DIRECT score: 4 {'cardiovascular': True, 'renal': True, 'weight': True, 'safety': True, 'cost_access': False}
PLANNED score: 5 {'cardiovascular': True, 'renal': True, 'weight': True, 'safety': True, 'cost_access': True}


In [51]:
print("""The Planning Agent output is stronger overall for this task.

It is better structured, more comprehensive, and much closer to a true deep-research deliverable.

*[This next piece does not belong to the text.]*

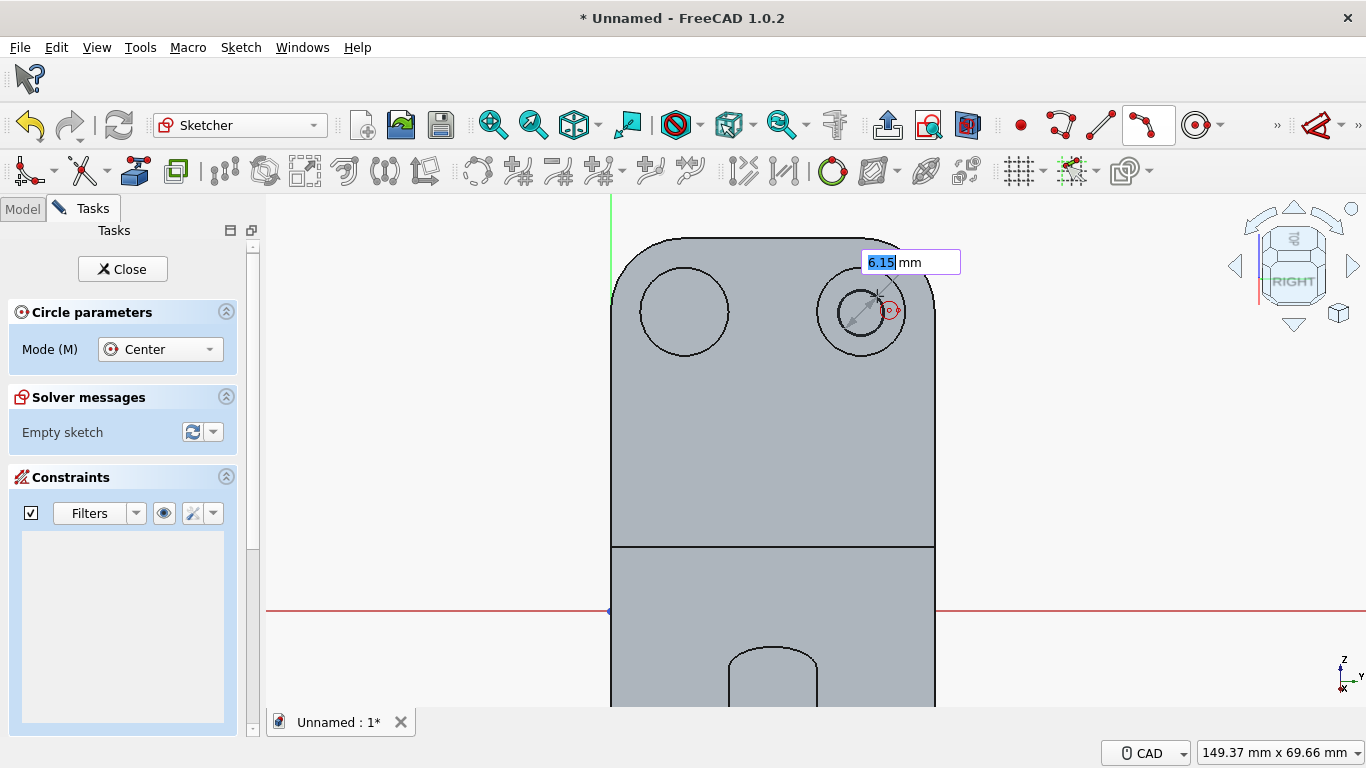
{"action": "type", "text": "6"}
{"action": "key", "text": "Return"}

It covers key clinical dimensions (CV, renal, weight, safety, subgroup use, and practical prescribing) and presents them in a decision-friendly format. By contrast, the Direct Agent response is clear and accurate at a high level, but it is more of a concise overview than a research-grade synthesis.

The main caveat is verification: the Planning version includes quantitative claims and citations that should be independently checked before clinical or publication use.""")

The Planning Agent output is stronger overall for this task.

It is better structured, more comprehensive, and much closer to a true deep-research deliverable. It covers key clinical dimensions (CV, renal, weight, safety, subgroup use, and practical prescribing) and presents them in a decision-friendly format. By contrast, the Direct Agent response is clear and accurate at a high level, but it is more of a concise overview than a research-grade synthesis.

The main caveat is verification: the Planning version includes quantitative claims and citations that should be independently checked before clinical or publication use.